This Day in Walter O’Malley History:

  • On the suggestion of Dodger Vice President Walter O’Malley, negotiations begin to transport several exhibits of the National Baseball Hall of Fame in Cooperstown, New York to Brooklyn for display there during the major league All-Star Game on July 12, 1949. “Very few of the fans in Brooklyn ever get a chance to go to Cooperstown, so why not bring Cooperstown to Brooklyn?” said O’Malley. The idea was immediately favorably received by officials at Cooperstown.

  • Walter O’Malley nominates Bud Holman of Vero Beach to be named to the Board of Directors of the Brooklyn Dodgers, replacing Walter Seeger of St. Paul, Minnesota, who had resigned. Holman’s nomination was seconded by John L. Smith with subsequent unanimous election (O’Malley, Smith and Branch Rickey voting) by the Directors. Holman was then asked to join the meeting.

  • New President of the Dodgers Walter O’Malley discusses his plans for the team as he prepares to head to Dodgertown in Vero Beach, Florida. “We’re going to try to put some theater into our ball park — color and excitement...We’ve got to get the real customers back, the little fellows who really support baseball. It’s no secret that, in 1950, Brooklyn’s paid attendance dropped from 1,650,000 to 1,200,000. Well, it’s the club’s job — and my job — to put those 450,000 fans back into the stands. We’re now going to strive for a better relationship with the fans and the press and try to put less emphasis on the carriage-trade business. Yes, it’s the little guy who comes to your park 20 to 30 times a year — the real fan who is willing to pay his way on a dull Monday afternoon to see us play a second-division team, and who isn’t just waiting for the big games — that’s the man we want to reach in Brooklyn this year. This is now a full-time job for me but we’re going to operate this headquarters on a 9 to 5 basis and no more work on Saturdays — well, not much. I think the best ball player in the National League is Duke Snider. Sentimentally, my pitcher is Preacher Roe, but that (Don) Newcombe has more stuff than anybody else. I grew up as a Giant fan and I always regarded Bill Terry as my favorite ball player. Bill’s living at Jacksonville (Florida) and I’m going to invite him down to Vero Beach. Once he gets there, he will begin helping out.” Ward Morehouse, The Sporting News, March 7, 1951

  • To help drum up interest in Miami, Florida for Dodger home Spring Training games, city officials get an assist from Walter O’Malley and arrange for a motorcade of Dodger players to travel through the streets. Also on this date, plans for a 5,000-seat stadium at Dodgertown in Vero Beach, Florida are unveiled at a press conference by O’Malley and designer Capt. Emil Praeger to be built for the 1953 exhibition season. Capt. Praeger was the consulting engineer on the United Nations building in 1953 and the White House renovation in 1949. Harold Rosenthal of the New York Herald Tribune quotes O’Malley regarding his Dodgertown stadium plans, “If 5,000 seats is too big a job, perhaps we can start with 3,500 and add the other seats later.”

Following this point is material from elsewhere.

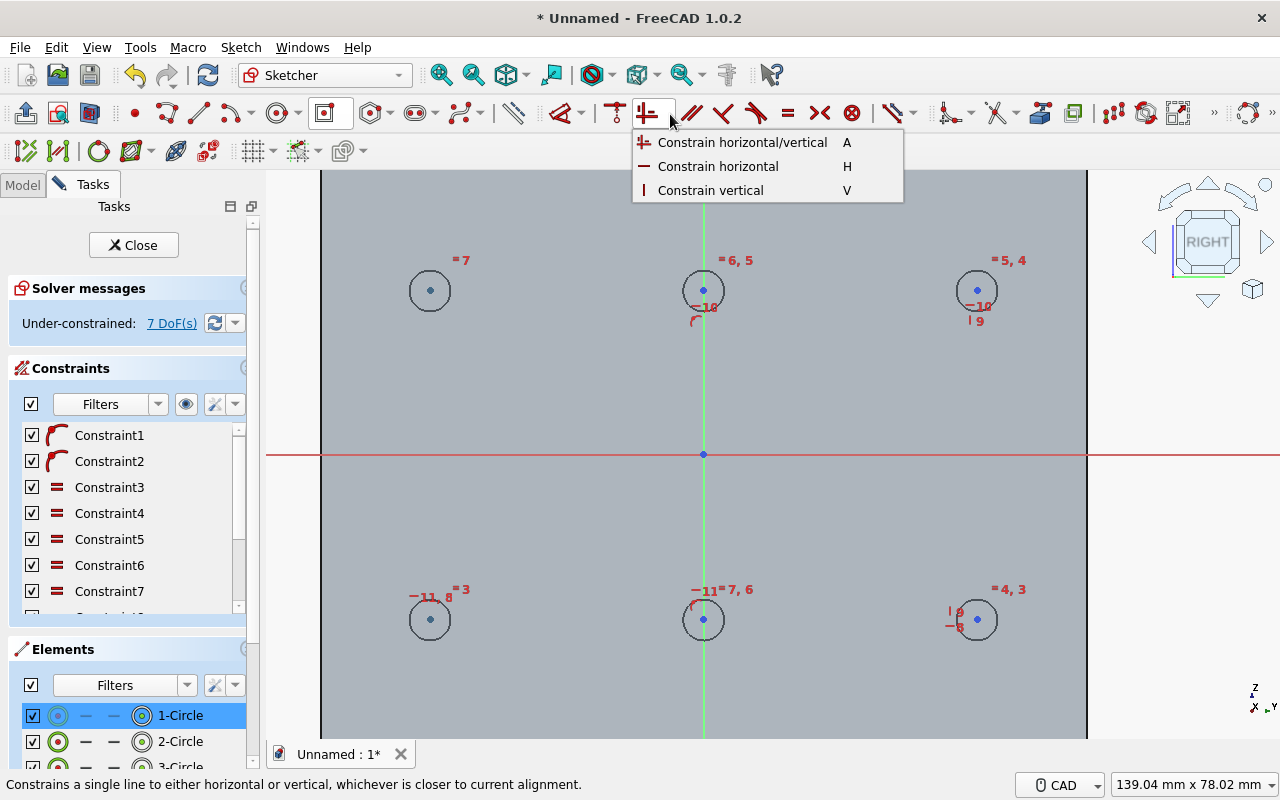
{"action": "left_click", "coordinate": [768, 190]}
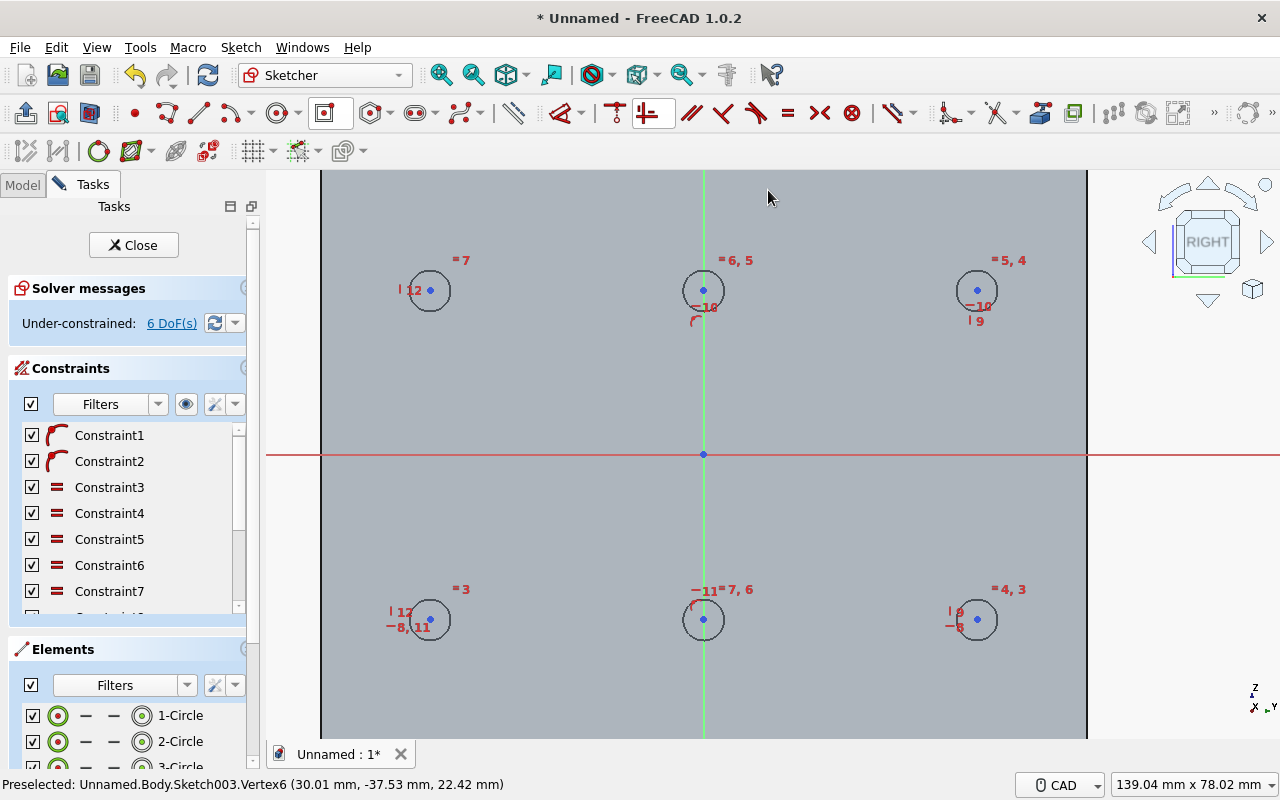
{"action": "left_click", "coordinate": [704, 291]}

  • The Brooklyn Eagle writes of Walter O’Malley’s contributions to the new Holman Stadium in preparation for its opener that spring. “Holman Stadium is like a new toy to the headman of the Dodgers. He spends long hours there every day watching the workmen put the finishing touches on the park for Wednesday’s gala opening against the Athletics (March 11). And after the dark he (O’Malley) turns on the lights.” Brooklyn Eagle, March 7, 1953  Another article adds, “Walter O’Malley had the lights on at his prized little stadium last night and led an expedition there for inspection and admiration. The Dodger president was there again today supervising the pulverizing of the infield dirt by a special machine. He wants to be sure the field is in perfect condition for the dedication day game.” Roscoe McGowen, New York Times, March 7, 1953

  • Dick Young writes in his New York Daily News column of the interest Walter O’Malley has shown for his new Holman Stadium at Dodgertown in Vero Beach, Florida. “A man of 50 plays with a new toy like a boy of 5. No kid ever pored over his set of electric trains the way Walter O’Malley putters around the picturesque new ball park here. It’s called Holman Stadium, after one of the local citizenry who was instrumental in bringing the Brooks to Vero Beach for long term Spring training, but it’s Walter O’Malley’s baby. He walks about it, hour on hour, over the soft grass of the infield, over the smoothly raked skinned portion; he tiptoes carefully around the newly-seeded sidelines, looking for the signs of additional grass blades the way a parent gazes into his infant’s mouth for a sign of a new tooth. And when he can think of nothing more to inspect, he sits alone in the stands and just stares off into the svelte royal palms that fringe the outfield...pointing out each attractive detail that blends into the beautiful whole, (O’Malley) would tell you: ‘It seats 5,000; 1,650 of them boxes. The chairs in the boxes are the metal ones that used to be in the Polo Grounds boxes before (New York Giants owner Horace) Stoneham put in new ones. I asked Horace how much he wanted for them. He said I should send him a check for whatever I wanted. He’d give them to me (he’s that kind of fellow), but I’m paying him a dollar apiece.’” Dick Young, New York Daily News, March 8, 1953

  • Walter O’Malley drafts a letter to season ticket holders for the Dodgers’ exhibition season in Vero Beach as Holman Stadium is prepared for play. O’Malley speaks proudly of the efforts that went into the planning and construction of the ballpark. O’Malley writes, “We doubt if anyone in the country is unaware of the fact that there is built in Vero Beach, baseball’s newest and most beautifully landscaped stadium.”

  • The three-way transfer agreement is signed by the Brooklyn Dodgers, General Dynamics and Eastern Air Lines for the delivery of a Convair model 440 passenger airplane to be used for transportation by the Dodgers in Spring Training and the regular season.

  • The Dodgers announce that 40 home games will be broadcast in Spanish on WHOM Radio for the 1957 season. Buck Canel, who began broadcasting selected Dodger home games in Spanish in 1954, was again behind the microphone. After his distinguished career, Canel posthumously won the Ford C. Frick Award and was inducted into the National Baseball Hall of Fame on July 28, 1985.

  • The Dodgers begin the first of three spring training telecasts on KTTV Channel 11 from Holman Stadium in Vero Beach, Florida. The club had never televised as many exhibition games before. Also, for the first time, the Dodgers of 1970 would televise games in other National League cities besides San Francisco and San Diego.